Work to be completed
Nothing in the records may be altered, so transcribe them exactly.

Records supplied
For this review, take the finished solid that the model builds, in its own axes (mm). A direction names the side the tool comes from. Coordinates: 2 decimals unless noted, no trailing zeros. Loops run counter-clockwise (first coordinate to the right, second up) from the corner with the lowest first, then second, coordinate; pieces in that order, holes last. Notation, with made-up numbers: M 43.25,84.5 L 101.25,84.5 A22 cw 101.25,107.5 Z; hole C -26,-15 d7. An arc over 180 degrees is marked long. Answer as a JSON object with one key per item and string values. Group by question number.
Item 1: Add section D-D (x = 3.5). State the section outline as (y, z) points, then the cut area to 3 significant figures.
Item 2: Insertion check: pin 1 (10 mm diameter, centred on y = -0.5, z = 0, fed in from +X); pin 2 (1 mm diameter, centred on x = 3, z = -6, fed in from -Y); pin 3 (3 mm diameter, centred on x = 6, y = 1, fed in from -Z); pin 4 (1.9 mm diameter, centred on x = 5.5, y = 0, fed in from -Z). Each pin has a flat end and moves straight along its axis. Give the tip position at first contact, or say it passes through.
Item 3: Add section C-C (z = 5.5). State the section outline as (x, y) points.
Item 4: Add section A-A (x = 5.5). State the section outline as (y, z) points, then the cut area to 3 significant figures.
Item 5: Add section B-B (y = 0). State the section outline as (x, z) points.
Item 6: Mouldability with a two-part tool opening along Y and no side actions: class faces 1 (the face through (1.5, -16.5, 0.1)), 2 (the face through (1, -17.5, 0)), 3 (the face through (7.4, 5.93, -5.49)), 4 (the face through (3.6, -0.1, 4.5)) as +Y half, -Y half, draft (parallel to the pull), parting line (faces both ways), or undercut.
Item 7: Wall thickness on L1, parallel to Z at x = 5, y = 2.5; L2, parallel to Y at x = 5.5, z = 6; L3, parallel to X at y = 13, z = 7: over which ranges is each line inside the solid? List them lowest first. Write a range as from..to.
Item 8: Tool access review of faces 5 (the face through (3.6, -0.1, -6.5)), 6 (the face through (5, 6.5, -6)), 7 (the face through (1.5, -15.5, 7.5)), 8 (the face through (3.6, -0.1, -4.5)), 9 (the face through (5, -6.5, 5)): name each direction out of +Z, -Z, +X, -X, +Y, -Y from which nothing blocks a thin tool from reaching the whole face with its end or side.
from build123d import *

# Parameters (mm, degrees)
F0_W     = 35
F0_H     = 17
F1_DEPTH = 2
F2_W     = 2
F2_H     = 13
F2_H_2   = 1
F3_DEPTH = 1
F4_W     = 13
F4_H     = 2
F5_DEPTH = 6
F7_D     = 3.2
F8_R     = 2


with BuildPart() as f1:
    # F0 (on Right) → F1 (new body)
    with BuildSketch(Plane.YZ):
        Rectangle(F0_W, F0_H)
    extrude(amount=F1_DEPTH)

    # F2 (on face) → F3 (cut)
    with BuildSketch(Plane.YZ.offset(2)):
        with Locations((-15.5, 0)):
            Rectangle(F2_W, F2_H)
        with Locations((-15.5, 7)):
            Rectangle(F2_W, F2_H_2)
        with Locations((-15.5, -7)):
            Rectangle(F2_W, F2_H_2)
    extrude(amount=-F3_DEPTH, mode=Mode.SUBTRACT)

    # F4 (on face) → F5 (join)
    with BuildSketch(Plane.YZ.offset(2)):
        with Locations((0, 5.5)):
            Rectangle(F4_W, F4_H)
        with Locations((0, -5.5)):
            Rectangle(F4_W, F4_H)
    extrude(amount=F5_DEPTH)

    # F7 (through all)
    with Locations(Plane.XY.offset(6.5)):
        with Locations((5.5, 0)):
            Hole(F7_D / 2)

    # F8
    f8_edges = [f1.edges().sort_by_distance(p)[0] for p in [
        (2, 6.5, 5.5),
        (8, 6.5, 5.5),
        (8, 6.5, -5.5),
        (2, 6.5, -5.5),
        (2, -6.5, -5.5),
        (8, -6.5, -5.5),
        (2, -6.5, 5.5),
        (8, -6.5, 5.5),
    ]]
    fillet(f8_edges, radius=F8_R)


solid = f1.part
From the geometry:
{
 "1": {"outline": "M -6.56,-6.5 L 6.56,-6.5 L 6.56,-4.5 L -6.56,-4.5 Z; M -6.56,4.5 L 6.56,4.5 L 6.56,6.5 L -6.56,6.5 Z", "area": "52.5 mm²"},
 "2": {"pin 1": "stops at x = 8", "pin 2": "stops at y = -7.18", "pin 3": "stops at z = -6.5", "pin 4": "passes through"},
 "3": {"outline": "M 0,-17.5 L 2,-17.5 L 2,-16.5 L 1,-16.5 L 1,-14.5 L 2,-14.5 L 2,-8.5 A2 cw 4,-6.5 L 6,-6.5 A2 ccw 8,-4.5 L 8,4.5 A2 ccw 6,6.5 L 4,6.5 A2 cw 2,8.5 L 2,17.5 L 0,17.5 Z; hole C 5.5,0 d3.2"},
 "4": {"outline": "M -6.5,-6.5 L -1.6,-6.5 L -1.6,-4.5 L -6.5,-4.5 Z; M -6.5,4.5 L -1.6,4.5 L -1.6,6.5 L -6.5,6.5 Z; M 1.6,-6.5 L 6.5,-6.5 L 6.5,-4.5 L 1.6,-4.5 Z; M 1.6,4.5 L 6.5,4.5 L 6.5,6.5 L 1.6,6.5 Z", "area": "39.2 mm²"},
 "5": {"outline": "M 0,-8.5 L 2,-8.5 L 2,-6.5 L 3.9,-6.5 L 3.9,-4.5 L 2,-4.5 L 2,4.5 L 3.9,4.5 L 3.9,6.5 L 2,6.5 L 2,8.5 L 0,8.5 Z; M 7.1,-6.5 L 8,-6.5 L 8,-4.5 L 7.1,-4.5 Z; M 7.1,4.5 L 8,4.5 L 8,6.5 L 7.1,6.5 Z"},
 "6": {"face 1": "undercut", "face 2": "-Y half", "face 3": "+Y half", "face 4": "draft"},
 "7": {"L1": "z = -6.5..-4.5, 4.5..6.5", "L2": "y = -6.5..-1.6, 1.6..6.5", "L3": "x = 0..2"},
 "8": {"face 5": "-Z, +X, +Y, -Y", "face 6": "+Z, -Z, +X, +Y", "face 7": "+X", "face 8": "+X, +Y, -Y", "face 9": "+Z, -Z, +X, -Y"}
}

Answer section
For this review, take the finished solid that the model builds, in its own axes (mm). A direction names the side the tool comes from. Coordinates: 2 decimals unless noted, no trailing zeros. Loops run counter-clockwise (first coordinate to the right, second up) from the corner with the lowest first, then second, coordinate; pieces in that order, holes last. Notation, with made-up numbers: M 43.25,84.5 L 101.25,84.5 A22 cw 101.25,107.5 Z; hole C -26,-15 d7. An arc over 180 degrees is marked long. Answer as a JSON object with one key per item and string values. Group by question number.
Item 1: Add section D-D (x = 3.5). State the section outline as (y, z) points, then the cut area to 3 significant figures.
Item 2: Insertion check: pin 1 (10 mm diameter, centred on y = -0.5, z = 0, fed in from +X); pin 2 (1 mm diameter, centred on x = 3, z = -6, fed in from -Y); pin 3 (3 mm diameter, centred on x = 6, y = 1, fed in from -Z); pin 4 (1.9 mm diameter, centred on x = 5.5, y = 0, fed in from -Z). Each pin has a flat end and moves straight along its axis. Give the tip position at first contact, or say it passes through.
Item 3: Add section C-C (z = 5.5). State the section outline as (x, y) points.
Item 4: Add section A-A (x = 5.5). State the section outline as (y, z) points, then the cut area to 3 significant figures.
Item 5: Add section B-B (y = 0). State the section outline as (x, z) points.
Item 6: Mouldability with a two-part tool opening along Y and no side actions: class faces 1 (the face through (1.5, -16.5, 0.1)), 2 (the face through (1, -17.5, 0)), 3 (the face through (7.4, 5.93, -5.49)), 4 (the face through (3.6, -0.1, 4.5)) as +Y half, -Y half, draft (parallel to the pull), parting line (faces both ways), or undercut.
Item 7: Wall thickness on L1, parallel to Z at x = 5, y = 2.5; L2, parallel to Y at x = 5.5, z = 6; L3, parallel to X at y = 13, z = 7: over which ranges is each line inside the solid? List them lowest first. Write a range as from..to.
Item 8: Tool access review of faces 5 (the face through (3.6, -0.1, -6.5)), 6 (the face through (5, 6.5, -6)), 7 (the face through (1.5, -15.5, 7.5)), 8 (the face through (3.6, -0.1, -4.5)), 9 (the face through (5, -6.5, 5)): name each direction out of +Z, -Z, +X, -X, +Y, -Y from which nothing blocks a thin tool from reaching the whole face with its end or side.
from build123d import *

# Parameters (mm, degrees)
F0_W     = 35
F0_H     = 17
F1_DEPTH = 2
F2_W     = 2
F2_H     = 13
F2_H_2   = 1
F3_DEPTH = 1
F4_W     = 13
F4_H     = 2
F5_DEPTH = 6
F7_D     = 3.2
F8_R     = 2


with BuildPart() as f1:
    # F0 (on Right) → F1 (new body)
    with BuildSketch(Plane.YZ):
        Rectangle(F0_W, F0_H)
    extrude(amount=F1_DEPTH)

    # F2 (on face) → F3 (cut)
    with BuildSketch(Plane.YZ.offset(2)):
        with Locations((-15.5, 0)):
            Rectangle(F2_W, F2_H)
        with Locations((-15.5, 7)):
            Rectangle(F2_W, F2_H_2)
        with Locations((-15.5, -7)):
            Rectangle(F2_W, F2_H_2)
    extrude(amount=-F3_DEPTH, mode=Mode.SUBTRACT)

    # F4 (on face) → F5 (join)
    with BuildSketch(Plane.YZ.offset(2)):
        with Locations((0, 5.5)):
            Rectangle(F4_W, F4_H)
        with Locations((0, -5.5)):
            Rectangle(F4_W, F4_H)
    extrude(amount=F5_DEPTH)

    # F7 (through all)
    with Locations(Plane.XY.offset(6.5)):
        with Locations((5.5, 0)):
            Hole(F7_D / 2)

    # F8
    f8_edges = [f1.edges().sort_by_distance(p)[0] for p in [
        (2, 6.5, 5.5),
        (8, 6.5, 5.5),
        (8, 6.5, -5.5),
        (2, 6.5, -5.5),
        (2, -6.5, -5.5),
        (8, -6.5, -5.5),
        (2, -6.5, 5.5),
        (8, -6.5, 5.5),
    ]]
    fillet(f8_edges, radius=F8_R)


solid = f1.part
From the geometry:
{
 "1": {"outline": "M -6.56,-6.5 L 6.56,-6.5 L 6.56,-4.5 L -6.56,-4.5 Z; M -6.56,4.5 L 6.56,4.5 L 6.56,6.5 L -6.56,6.5 Z", "area": "52.5 mm²"},
 "2": {"pin 1": "stops at x = 8", "pin 2": "stops at y = -7.18", "pin 3": "stops at z = -6.5", "pin 4": "passes through"},
 "3": {"outline": "M 0,-17.5 L 2,-17.5 L 2,-16.5 L 1,-16.5 L 1,-14.5 L 2,-14.5 L 2,-8.5 A2 cw 4,-6.5 L 6,-6.5 A2 ccw 8,-4.5 L 8,4.5 A2 ccw 6,6.5 L 4,6.5 A2 cw 2,8.5 L 2,17.5 L 0,17.5 Z; hole C 5.5,0 d3.2"},
 "4": {"outline": "M -6.5,-6.5 L -1.6,-6.5 L -1.6,-4.5 L -6.5,-4.5 Z; M -6.5,4.5 L -1.6,4.5 L -1.6,6.5 L -6.5,6.5 Z; M 1.6,-6.5 L 6.5,-6.5 L 6.5,-4.5 L 1.6,-4.5 Z; M 1.6,4.5 L 6.5,4.5 L 6.5,6.5 L 1.6,6.5 Z", "area": "39.2 mm²"},
 "5": {"outline": "M 0,-8.5 L 2,-8.5 L 2,-6.5 L 3.9,-6.5 L 3.9,-4.5 L 2,-4.5 L 2,4.5 L 3.9,4.5 L 3.9,6.5 L 2,6.5 L 2,8.5 L 0,8.5 Z; M 7.1,-6.5 L 8,-6.5 L 8,-4.5 L 7.1,-4.5 Z; M 7.1,4.5 L 8,4.5 L 8,6.5 L 7.1,6.5 Z"},
 "6": {"face 1": "undercut", "face 2": "-Y half", "face 3": "+Y half", "face 4": "draft"},
 "7": {"L1": "z = -6.5..-4.5, 4.5..6.5", "L2": "y = -6.5..-1.6, 1.6..6.5", "L3": "x = 0..2"},
 "8": {"face 5": "-Z, +X, +Y, -Y", "face 6": "+Z, -Z, +X, +Y", "face 7": "+X", "face 8": "+X, +Y, -Y", "face 9": "+Z, -Z, +X, -Y"}
}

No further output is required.